Exactly retype the opening line of the entries and every line after it, ending with the line that contains "table_cell Λαμβάνεταί μέριμνα". Skip all pictures.

Start of Data supplied

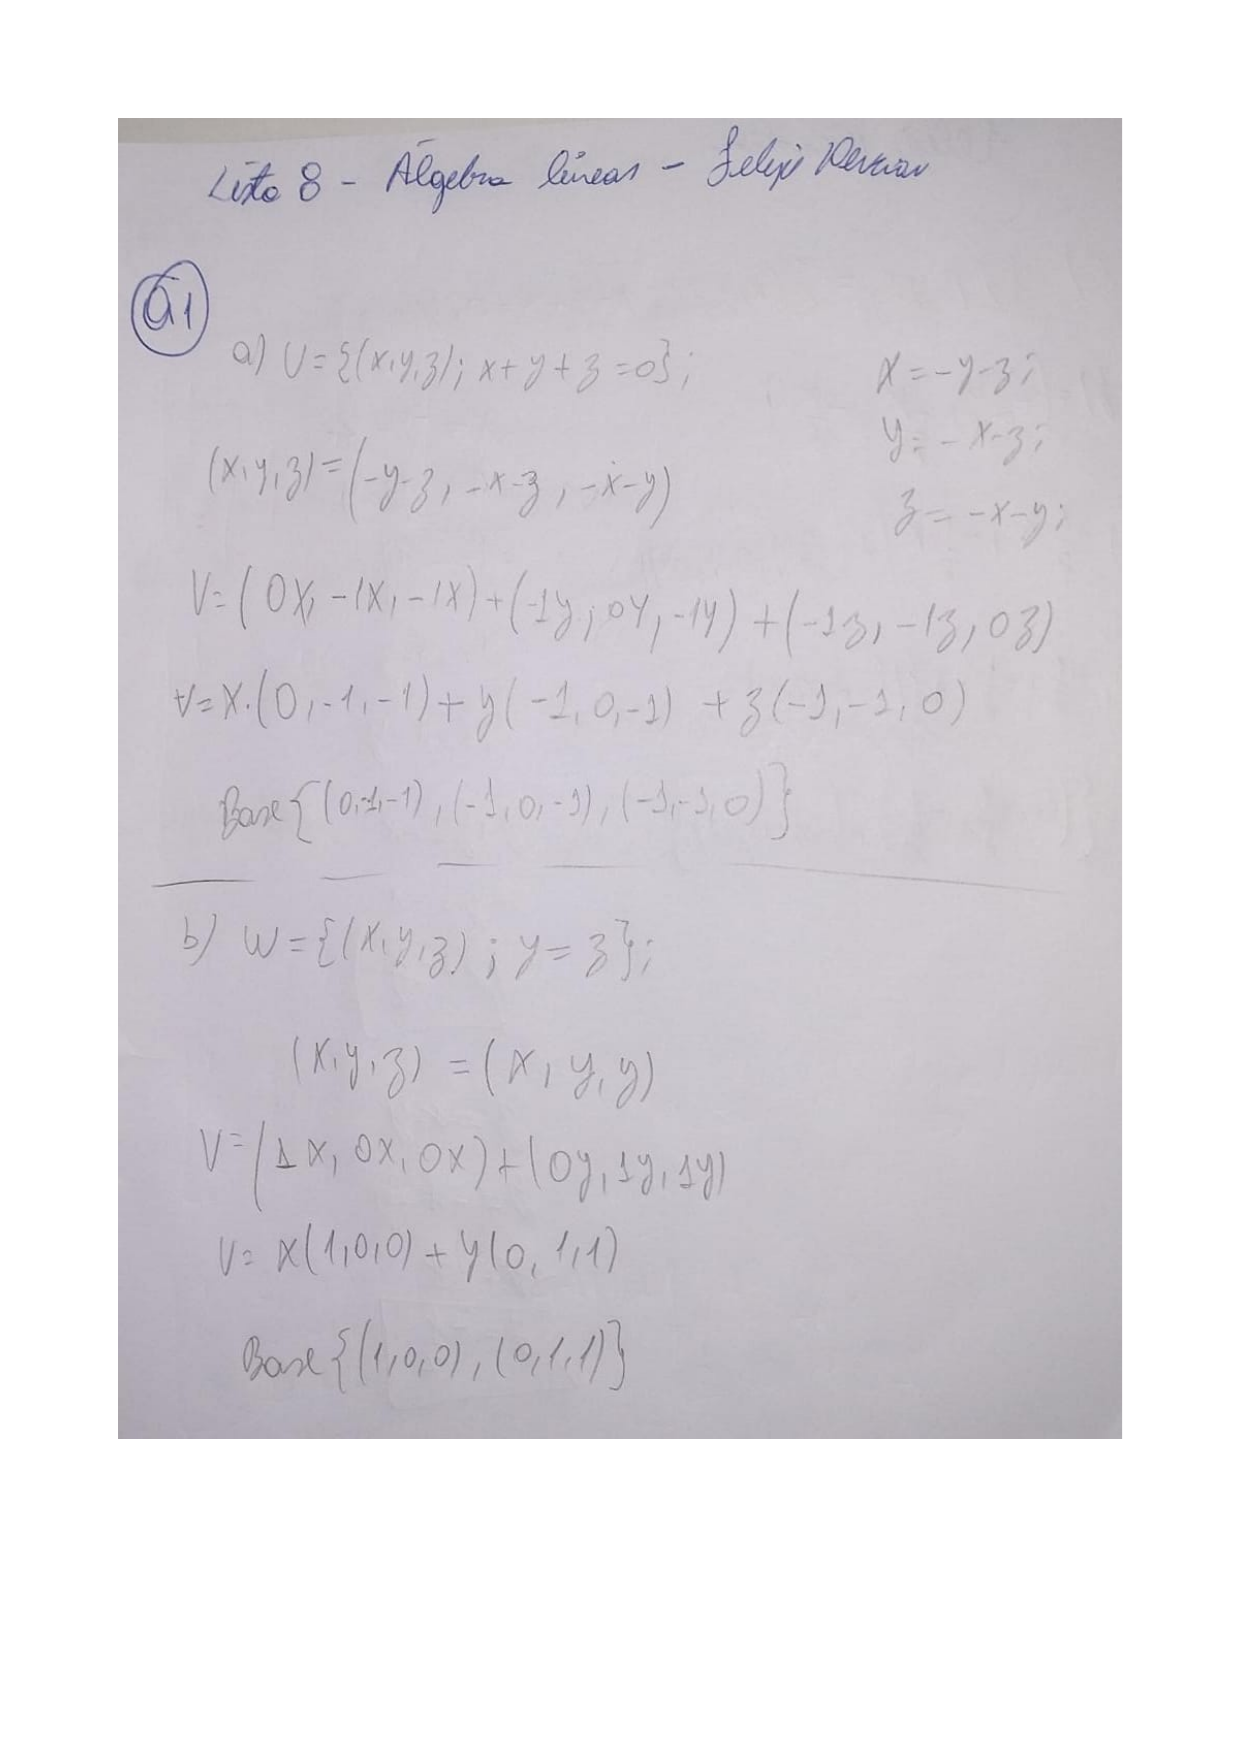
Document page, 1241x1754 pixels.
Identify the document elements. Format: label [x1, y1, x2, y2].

picture [118, 118, 1123, 1439]
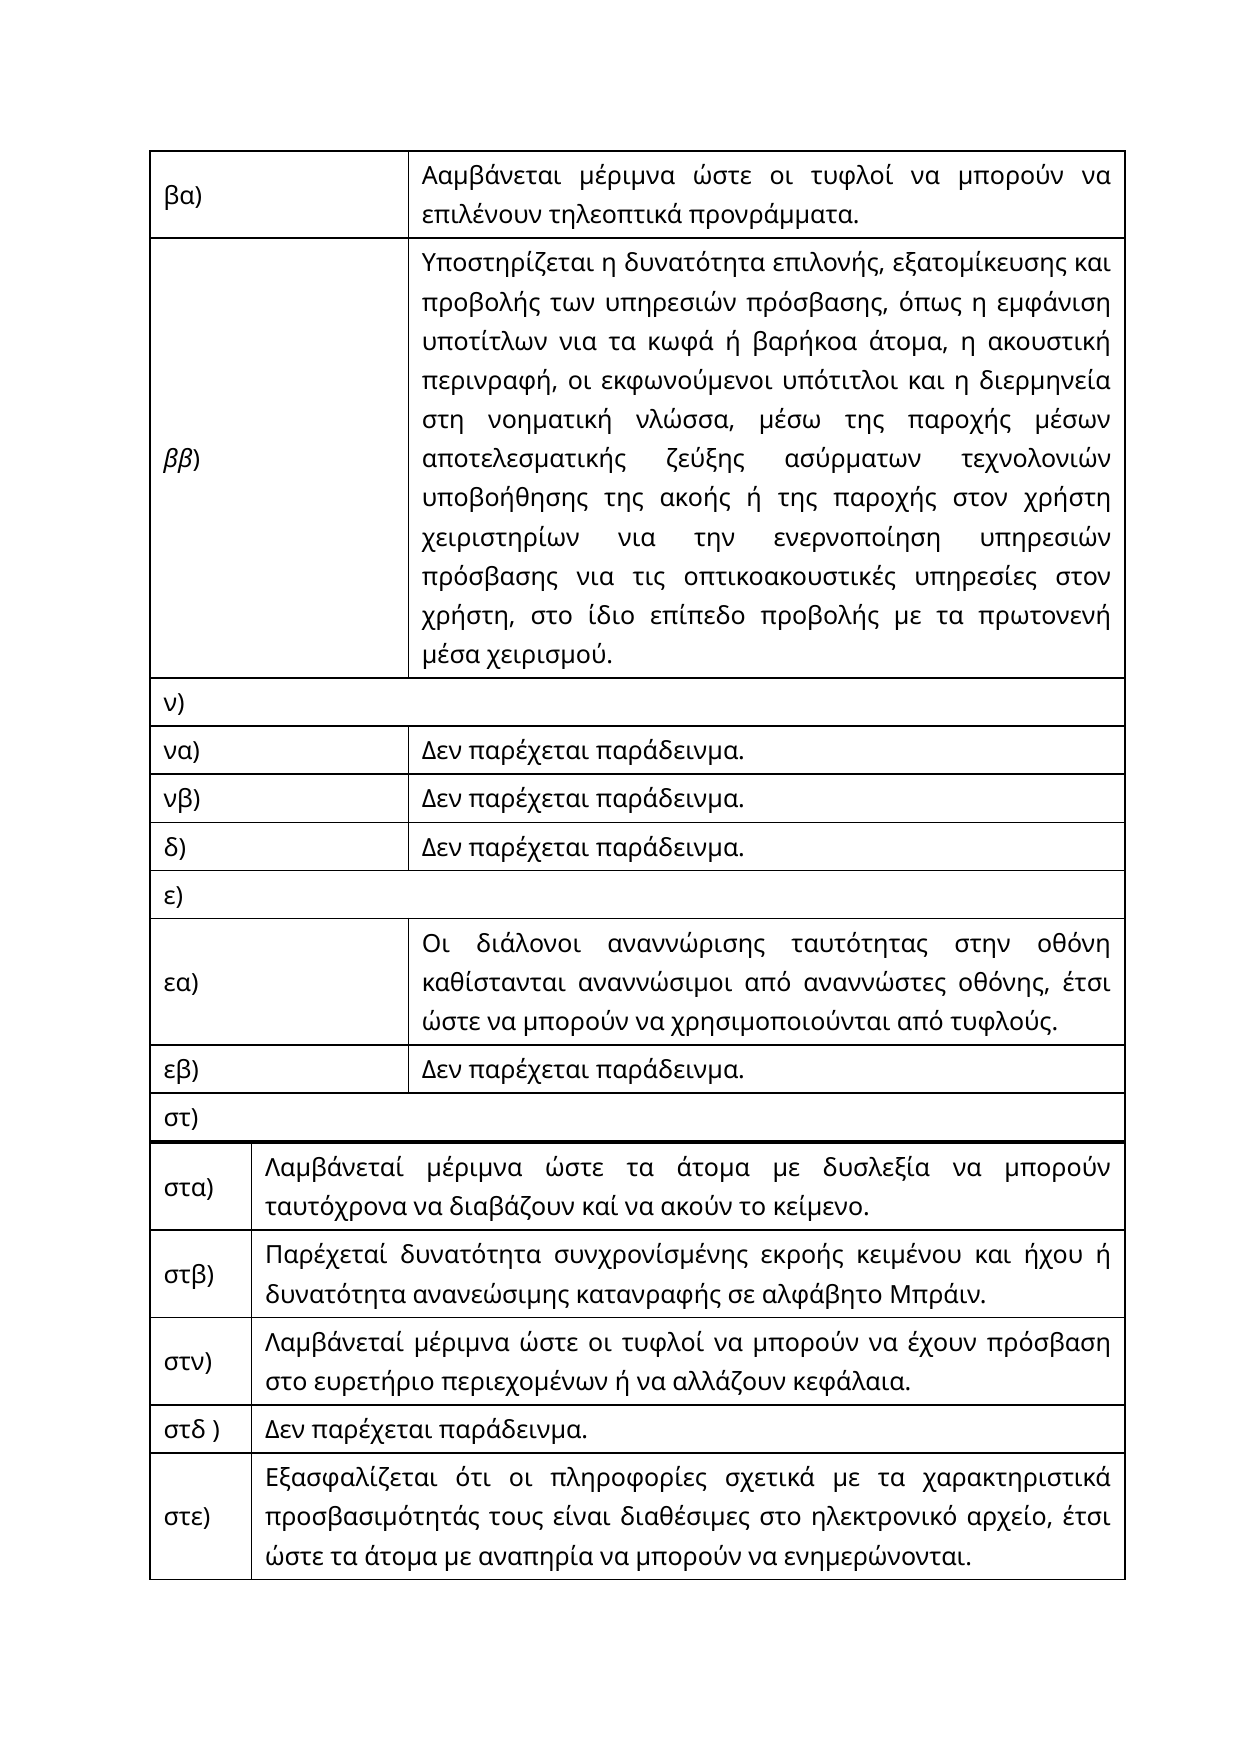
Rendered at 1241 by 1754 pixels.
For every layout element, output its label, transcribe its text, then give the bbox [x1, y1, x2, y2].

table_cell εβ) [151, 1046, 408, 1092]
table_cell Ααμβάνεται μέριμνα ώστε οι τυφλοί να μπορούν να επιλένουν τηλεοπτικά προνράμματα. [409, 152, 1124, 237]
table_cell να) [151, 727, 408, 773]
table_cell δ) [151, 823, 408, 869]
table_cell ε) [151, 871, 1124, 918]
table_cell στν) [151, 1318, 251, 1404]
table_cell στβ) [151, 1231, 251, 1317]
table_cell στε) [151, 1454, 251, 1578]
table_cell στδ ) [151, 1406, 251, 1452]
table_cell Δεν παρέχεται παράδεινμα. [409, 727, 1124, 773]
table_header στα) [151, 1144, 251, 1229]
table_cell νβ) [151, 775, 408, 821]
table_cell βα) [151, 152, 408, 237]
table_cell Δεν παρέχεται παράδεινμα. [252, 1406, 1124, 1452]
table_cell Δεν παρέχεται παράδεινμα. [409, 823, 1124, 869]
table_cell εα) [151, 919, 408, 1044]
table_cell Παρέχεταί δυνατότητα συνχρονίσμένης εκροής κειμένου και ήχου ή δυνατότητα ανανεώσιμης κατανραφής σε αλφάβητο Μπράιν. [252, 1231, 1124, 1317]
table_cell ν) [151, 679, 1124, 725]
table_cell Λαμβάνεταί μέριμνα ώστε οι τυφλοί να μπορούν να έχουν πρόσβαση στο ευρετήριο περιεχομένων ή να αλλάζουν κεφάλαια. [252, 1318, 1124, 1404]
table_cell Εξασφαλίζεται ότι οι πληροφορίες σχετικά με τα χαρακτηριστικά προσβασιμότητάς τους είναι διαθέσιμες στο ηλεκτρονικό αρχείο, έτσι ώστε τα άτομα με αναπηρία να μπορούν να ενημερώνονται. [252, 1454, 1124, 1578]
table_cell Δεν παρέχεται παράδεινμα. [409, 775, 1124, 821]
table_cell Υποστηρίζεται η δυνατότητα επιλονής, εξατομίκευσης και προβολής των υπηρεσιών πρόσβασης, όπως η εμφάνιση υποτίτλων νια τα κωφά ή βαρήκοα άτομα, η ακουστική περινραφή, οι εκφωνούμενοι υπότιτλοι και η διερμηνεία στη νοηματική νλώσσα, μέσω της παροχής μέσων αποτελεσματικής ζεύξης ασύρματων τεχνολονιών υποβοήθησης της ακοής ή της παροχής στον χρήστη χειριστηρίων νια την ενερνοποίηση υπηρεσιών πρόσβασης νια τις οπτικοακουστικές υπηρεσίες στον χρήστη, στο ίδιο επίπεδο προβολής με τα πρωτονενή μέσα χειρισμού. [409, 239, 1124, 677]
table_cell Οι διάλονοι αναννώρισης ταυτότητας στην οθόνη καθίστανται αναννώσιμοι από αναννώστες οθόνης, έτσι ώστε να μπορούν να χρησιμοποιούνται από τυφλούς. [409, 919, 1124, 1044]
table_cell Δεν παρέχεται παράδεινμα. [409, 1046, 1124, 1092]
table_header Λαμβάνεταί μέριμνα ώστε τα άτομα με δυσλεξία να μπορούν ταυτόχρονα να διαβάζουν καί να ακούν το κείμενο. [252, 1144, 1124, 1229]
table_cell στ) [151, 1094, 1124, 1140]
table_cell ββ) [151, 239, 408, 677]
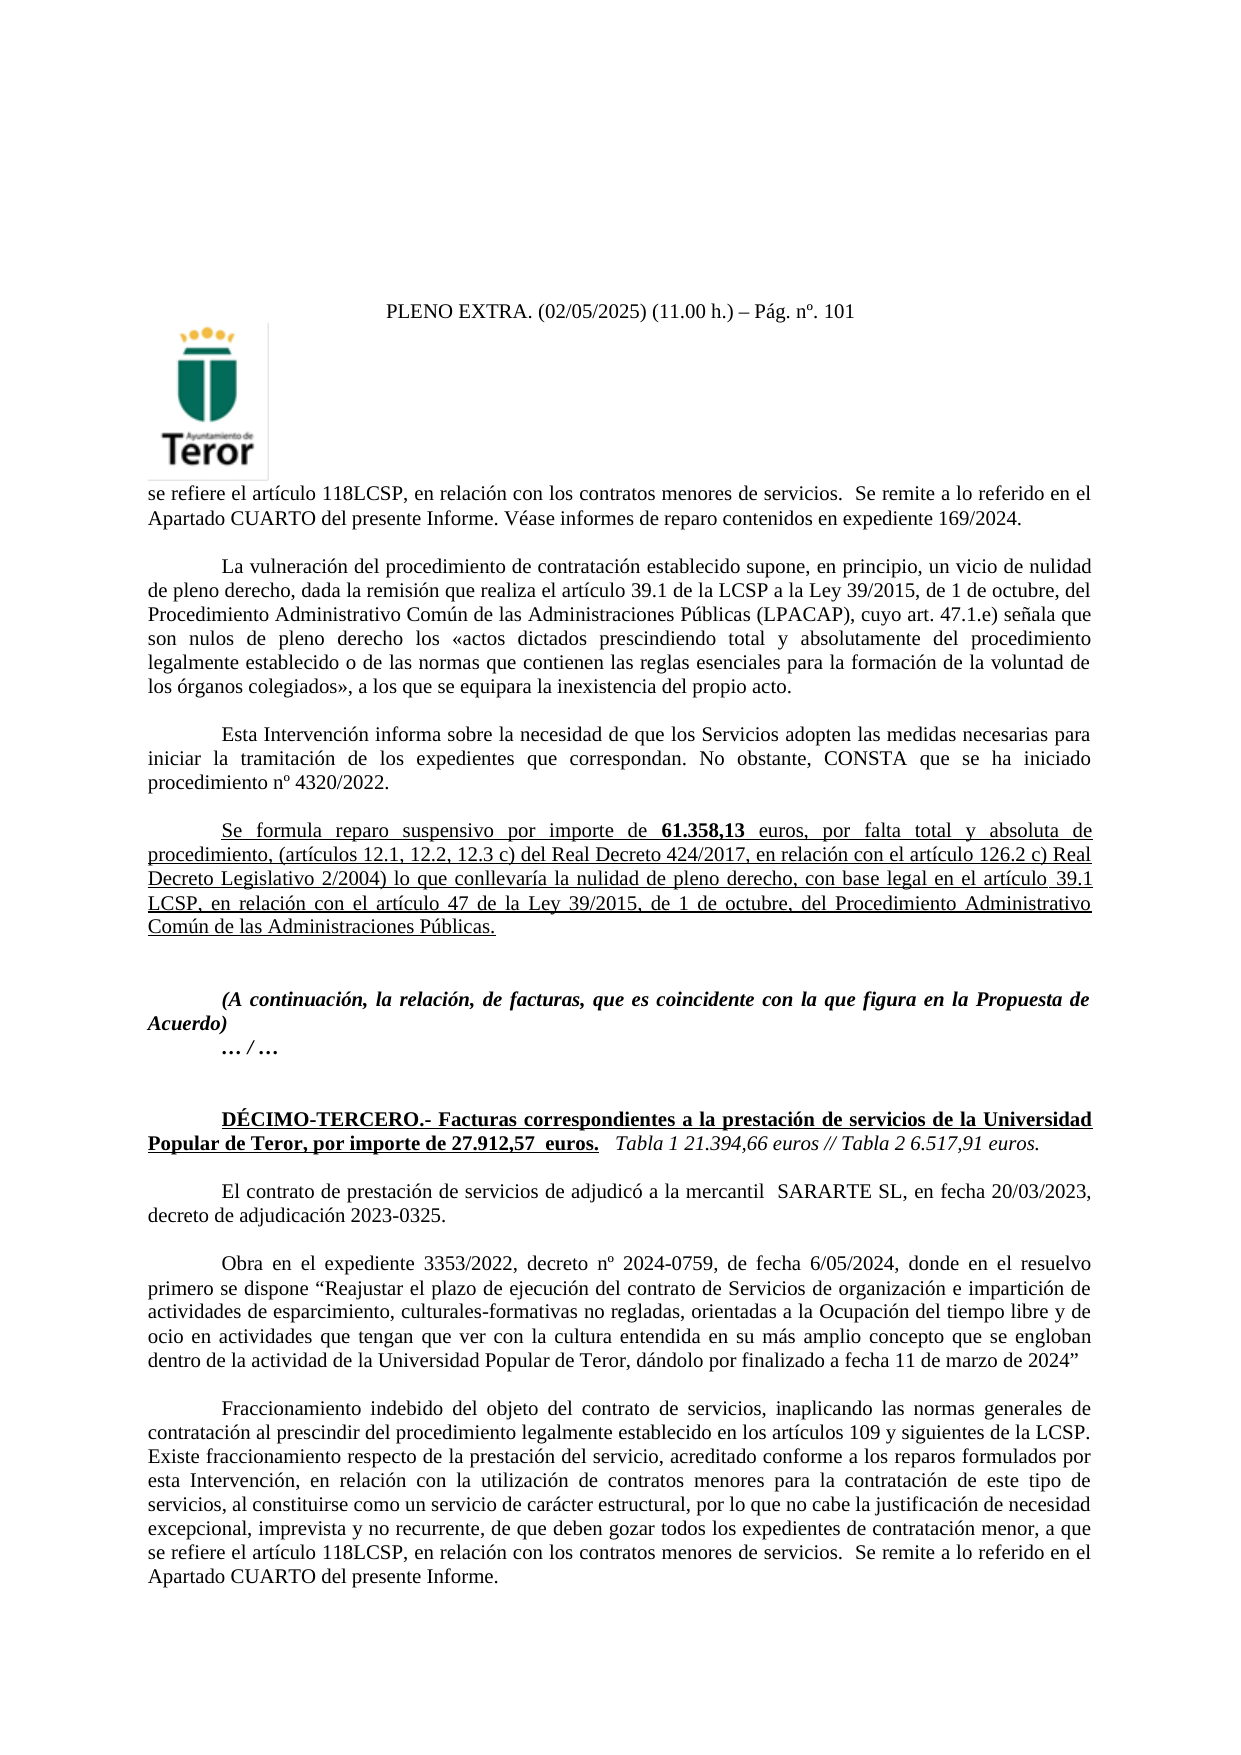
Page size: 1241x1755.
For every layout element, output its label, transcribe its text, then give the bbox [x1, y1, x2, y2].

text La vulneración del procedimiento de contratación establecido supone, en principio, un vicio de nulidad de pleno derecho, dada la remisión que realiza el artículo 39.1 de la LCSP a la Ley 39/2015, de 1 de octubre, del Procedimiento Administrativo Común de las Administraciones Públicas (LPACAP), cuyo art. 47.1.e) señala que son nulos de pleno derecho los «actos dictados prescindiendo total y absolutamente del procedimiento legalmente establecido o de las normas que contienen las reglas esenciales para la formación de la voluntad de los órganos colegiados», a los que se equipara la inexistencia del propio acto. [148, 553, 1093, 698]
text Esta Intervención informa sobre la necesidad de que los Servicios adopten las medidas necesarias para iniciar la tramitación de los expedientes que correspondan. No obstante, CONSTA que se ha iniciado procedimiento nº 4320/2022. [148, 722, 1093, 794]
text Obra en el expediente 3353/2022, decreto nº 2024-0759, de fecha 6/05/2024, donde en el resuelvo primero se dispone “Reajustar el plazo de ejecución del contrato de Servicios de organización e impartición de actividades de esparcimiento, culturales-formativas no regladas, orientadas a la Ocupación del tiempo libre y de ocio en actividades que tengan que ver con la cultura entendida en su más amplio concepto que se engloban dentro de la actividad de la Universidad Popular de Teror, dándolo por finalizado a fecha 11 de marzo de 2024” [148, 1251, 1093, 1372]
text se refiere el artículo 118LCSP, en relación con los contratos menores de servicios. Se remite a lo referido en el Apartado CUARTO del presente Informe. Véase informes de reparo contenidos en expediente 169/2024. [148, 481, 1093, 529]
text … / … [148, 1035, 1093, 1059]
text Se formula reparo suspensivo por importe de 61.358,13 euros, por falta total y absoluta de procedimiento, (artículos 12.1, 12.2, 12.3 c) del Real Decreto 424/2017, en relación con el artículo 126.2 c) Real Decreto Legislativo 2/2004) lo que conllevaría la nulidad de pleno derecho, con base legal en el artículo 39.1 [148, 818, 1093, 887]
text (A continuación, la relación, de facturas, que es coincidente con la que figura en la Propuesta de Acuerdo) [148, 987, 1093, 1035]
text El contrato de prestación de servicios de adjudicó a la mercantil SARARTE SL, en fecha 20/03/2023, decreto de adjudicación 2023-0325. [148, 1179, 1093, 1227]
text LCSP, en relación con el artículo 47 de la Ley 39/2015, de 1 de octubre, del Procedimiento Administrativo Común de las Administraciones Públicas. [148, 888, 1093, 938]
text DÉCIMO-TERCERO.- Facturas correspondientes a la prestación de servicios de la Universidad Popular de Teror, por importe de 27.912,57 euros. Tabla 1 21.394,66 euros // Tabla 2 6.517,91 euros. [148, 1107, 1093, 1155]
text Fraccionamiento indebido del objeto del contrato de servicios, inaplicando las normas generales de contratación al prescindir del procedimiento legalmente establecido en los artículos 109 y siguientes de la LCSP. Existe fraccionamiento respecto de la prestación del servicio, acreditado conforme a los reparos formulados por esta Intervención, en relación con la utilización de contratos menores para la contratación de este tipo de servicios, al constituirse como un servicio de carácter estructural, por lo que no cabe la justificación de necesidad excepcional, imprevista y no recurrente, de que deben gozar todos los expedientes de contratación menor, a que se refiere el artículo 118LCSP, en relación con los contratos menores de servicios. Se remite a lo referido en el Apartado CUARTO del presente Informe. [148, 1396, 1093, 1588]

End of Data supplied

### Output for this exercise
Document page, 1241x1754 pixels.
Identify the document elements. Format: label [x1, y1, x2, y2].

picture [118, 118, 1123, 1439]
Rendered at 1241 by 1754 pixels.
For every layout element, output its label, transcribe its text, then give the bbox [x1, y1, x2, y2].

table_cell εβ) [151, 1046, 408, 1092]
table_cell Ααμβάνεται μέριμνα ώστε οι τυφλοί να μπορούν να επιλένουν τηλεοπτικά προνράμματα. [409, 152, 1124, 237]
table_cell να) [151, 727, 408, 773]
table_cell δ) [151, 823, 408, 869]
table_cell ε) [151, 871, 1124, 918]
table_cell στν) [151, 1318, 251, 1404]
table_cell στβ) [151, 1231, 251, 1317]
table_cell στε) [151, 1454, 251, 1578]
table_cell στδ ) [151, 1406, 251, 1452]
table_cell Δεν παρέχεται παράδεινμα. [409, 727, 1124, 773]
table_header στα) [151, 1144, 251, 1229]
table_cell νβ) [151, 775, 408, 821]
table_cell βα) [151, 152, 408, 237]
table_cell Δεν παρέχεται παράδεινμα. [252, 1406, 1124, 1452]
table_cell Δεν παρέχεται παράδεινμα. [409, 823, 1124, 869]
table_cell εα) [151, 919, 408, 1044]
table_cell Παρέχεταί δυνατότητα συνχρονίσμένης εκροής κειμένου και ήχου ή δυνατότητα ανανεώσιμης κατανραφής σε αλφάβητο Μπράιν. [252, 1231, 1124, 1317]
table_cell ν) [151, 679, 1124, 725]
table_cell Λαμβάνεταί μέριμνα ώστε οι τυφλοί να μπορούν να έχουν πρόσβαση στο ευρετήριο περιεχομένων ή να αλλάζουν κεφάλαια. [252, 1318, 1124, 1404]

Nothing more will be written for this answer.